Semmle previously worked with security teams at Google (NASDAQ: MSFT), GitHub owner Microsoft (NASDAQ: MSFT), Uber and NASA. The San Francisco-based emerged from stealth mode in August 2018.

“No single company can find every vulnerability or secure the open source supply chain behind everyone’s code,” GitHub CEO Nat Friedman noted in announcing the acquisition. “Semmle’s community-driven approach to identifying and preventing security vulnerabilities is the very best way forward.”

Semmle noted in a blog post that developers currently work with security researchers on a “modest scale” to refine vulnerability queries. The goal is to add crowd-sourced queries to vulnerability reports used to plug security gaps in open-source code, the company said.

Semmle’s query engine has so far helped identify more than 100 code vulnerabilities and fixes, including the Apache Struts vulnerability at the center of massive security breaches at consumer credit reporter Equifax Inc. It has also help spot security holes in the Linux kernel.

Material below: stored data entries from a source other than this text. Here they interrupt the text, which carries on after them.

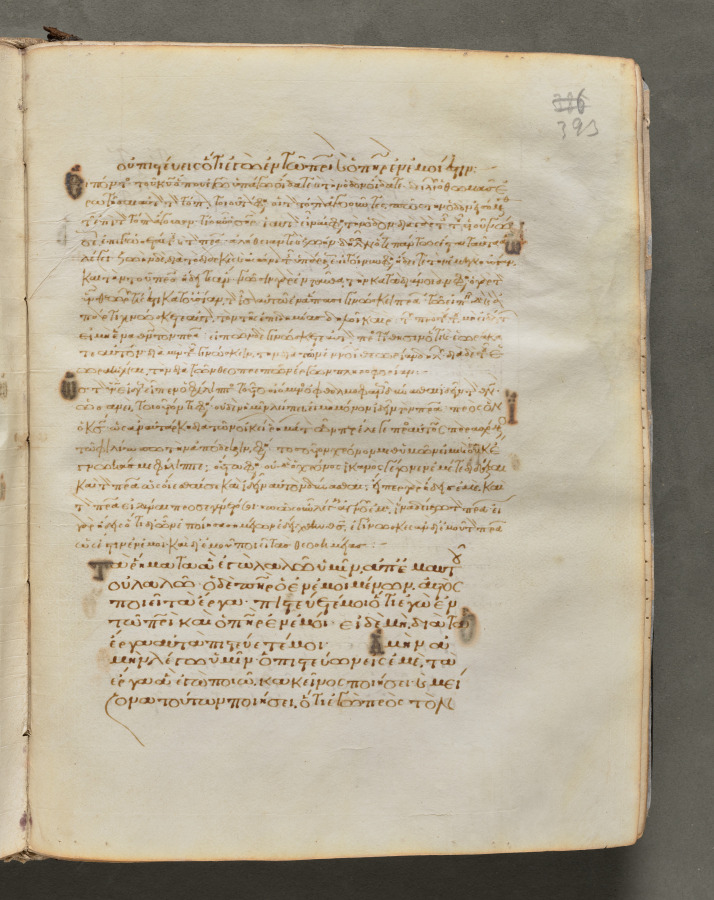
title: Text, folio 393 (recto), from a Gospel Book with Commentaries
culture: Byzantium, Constantinople
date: c. 1000–1100
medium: ink, tempera, and gold on vellum; leather binding
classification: Bound Volume
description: Each of the four gospels in this book opens on a page with brilliantly illuminated borders depicting the author of the text as well as birds—principally peacocks, symbols of the immortality of the soul—and fountains, representing the fountain of life and the salvation of the soul. This volume consists of 428 leaves with texts in Greek. Its level of sophistication suggests that it was probably written and decorated in a monastery in Constantinople.
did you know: Gospel books were carried in procession through Byzantine churches.
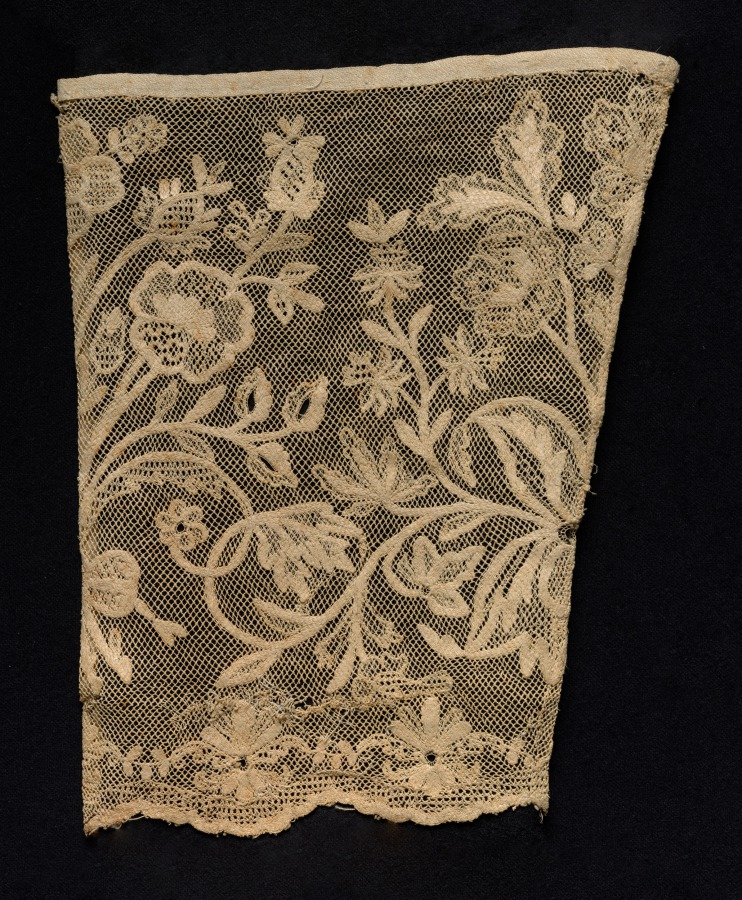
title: Cuff with Floral Vines
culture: Unassigned, 1800s
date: 1800s
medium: Bleached linen (est.): needle lace, filet/lacis (knotted ground and darned in one direction)
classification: Lace
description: In this lace cuff (one of a set, see 1936.225), scrolling vines with budding flowers emerge from a tied bow, creating a stylized bouquet. A scrolling vine with budding vegetation or a tendril motif is a recurring pattern in needle lace. The frequent use of the motif, adapted in lace from different centuries and regions, suggests that it was found in a pattern book.
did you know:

Meanwhile, GitHub’s new CVE authority will allow it to quickly issue security advisories on GitHub projects, identifying severity and quickly issuing fixes to a broader base of users.

As the Equifax breach showed, a large percentage of vulnerabilities go unpatched for months. Another challenge for harried developers is updating project dependencies. With that in mind, GitHub earlier this year acquired Dependabot to help automate dependency updates.

“Updating dependencies needs to be as easy as possible,” said Shanku Niyogi, GitHub’s senior vice president for products. “With automatic security fixes, developers no longer need to manually patch their dependencies.”

The big test for these and other efforts to secure the software supply chain will come as more open-source software is used in production settings.